(Extracted data entries)
BEGIN
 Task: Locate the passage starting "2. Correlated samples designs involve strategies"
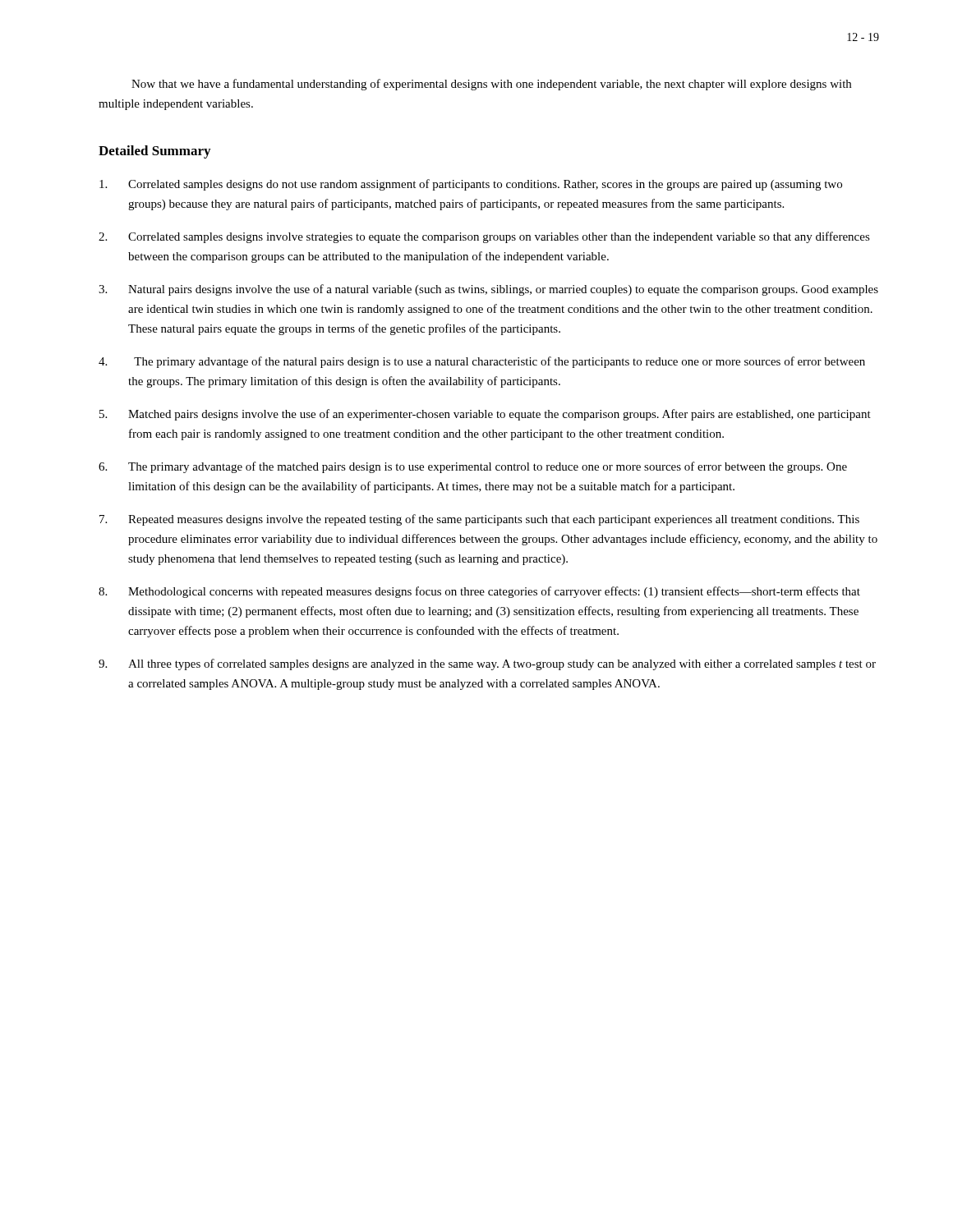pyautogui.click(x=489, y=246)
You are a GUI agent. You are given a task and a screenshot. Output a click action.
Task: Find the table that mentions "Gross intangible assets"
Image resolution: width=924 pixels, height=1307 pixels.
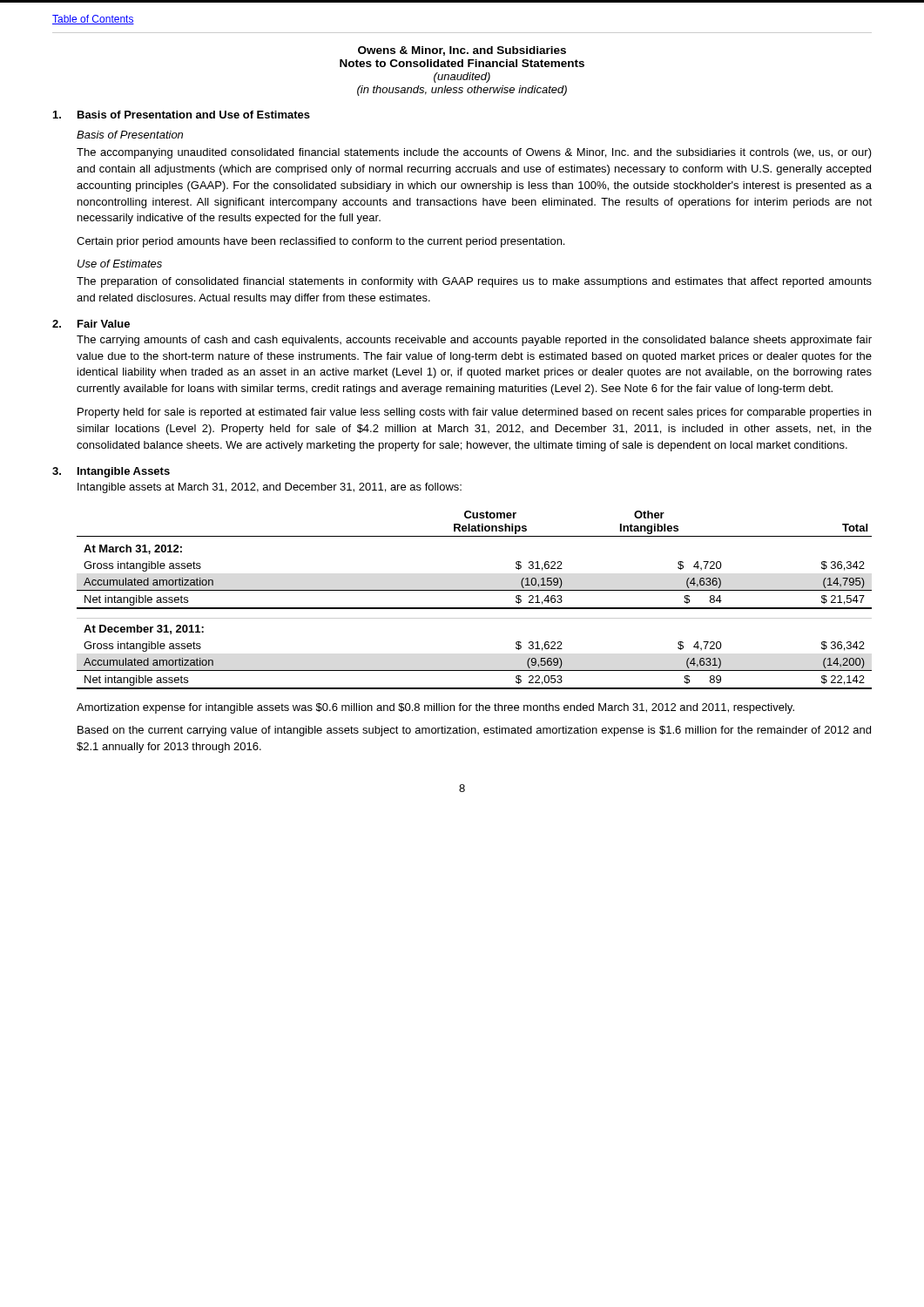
END
> **TASK DIRECTIONS**
Set down all the lines above exactly as they appear, with no pictures.

> **FINISHED TASK**
 Task: Locate the passage starting "2. Correlated samples designs involve strategies"
pyautogui.click(x=489, y=246)
You are a GUI agent. You are given a task and a screenshot. Output a click action.
Task: Find the table that mentions "Gross intangible assets"
Image resolution: width=924 pixels, height=1307 pixels.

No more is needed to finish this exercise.